County scores A- for transparency



Things are so bright at the county, you have to wear shades.
  • Things are so bright at the county, you have to wear shades.

El Paso County stands among the most transparent government agencies in the country, according to an analysis by Sunshine Review.

The nonprofit gave the county an A- based on how it discloses information to taxpayers.

The Sunshine Review's website states:

“The Sunny Awards recognizes governments that are doing an exemplary job at proactively disclosing information to taxpayers,” said Michael Barnhart, President of Sunshine Review. “There are so many organizations and associations that highlight what is wrong with government. We at Sunshine Review are proud to acknowledge those who are doing it right and setting a transparency standard that all governments can, and should, meet.”

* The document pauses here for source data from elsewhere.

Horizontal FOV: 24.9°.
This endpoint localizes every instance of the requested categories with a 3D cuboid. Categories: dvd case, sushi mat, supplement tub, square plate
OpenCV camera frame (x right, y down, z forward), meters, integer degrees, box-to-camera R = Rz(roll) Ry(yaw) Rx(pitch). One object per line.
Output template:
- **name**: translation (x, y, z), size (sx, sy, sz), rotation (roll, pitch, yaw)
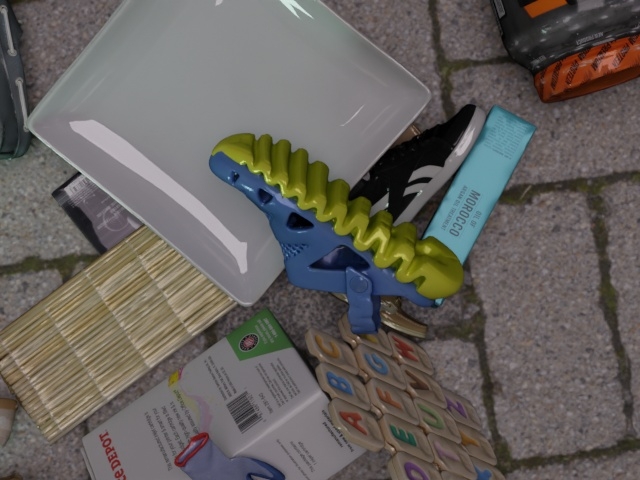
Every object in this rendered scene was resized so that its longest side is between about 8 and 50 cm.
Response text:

For the 2012 awards, Editors at Sunshine Review analyzed more than 6,000 government websites and graded each on a 10-point transparency checklist. Editors looked at content available on government websites against what should be provided. They sought information on items such as budgets, meetings, lobbying, financial audits, contracts, academic performance, public records and taxes. The winners of the Sunny Award all received an “A” grade during the extensive grading process.

El Paso County has long broadcast its county commissioner meetings online and makes recordings of past meetings available on its website. The Independent can vouch for the county's compliance with open records laws, having had few problems obtaining information and records in a timely way, though some departments charge considerable amounts for the records.

Commission Chair Amy Lathen
says she found out about the grade some time ago and has been touting it ever since.

"This is simple," she writes in an e-mail. "We don't just give lip service to our efforts to be transparent. We actually make it happen. We have worked not only on processes to make everything transparent, but also on a philosophical change throughout the county. There is nothing hiding in El Paso County and we mean it when we say we are an open book.

"I am hoping to change the A- to an A+ as we work to implement the 'checkbook online' project. I asked for this last summer and our IT folks are working on making the budget and spending items even more accessible. Budgeting is already public and we'll bend over backwards to make sure folks have the info they need or desire. This project will make that even simpler."

(The 'checkbook' project that Lathen references, according to her website, is meant to ensure taxpayer access to ALL expenditures in a simple and more accessible way.)

While elected officials — such as commissioners, Assessor Mark Lowderman and Clerk and Recorder Wayne Williams — set the tone, the person charged with carrying out the policy is Dave Rose.

Rose: Media expert
  • Rose: Media expert.

Rose joined the county as public information officer in 2008 after working for more than 30 years in television and radio news. He served as television news director at KRDO TV in Colorado Springs from 1996 to 2008, was CEO of the Business Radio Network from 1987 to 1995 and worked as news director at KOAA TV from 1980 to 1987. He won the regional Edward R. Murrow Award for best Television News Documentary and was recognized more recently with a special recognition award from the Greater Colorado Springs Chamber of Commerce for Leadership in the Public Sector.

At the county, Rose handles public communications, citizens’ outreach and intergovernmental relations.

Others in Colorado named on the A list were Adams County, Denver County 1 School District, Douglas County, Jefferson County Public Schools and Mesa County Valley School District 51.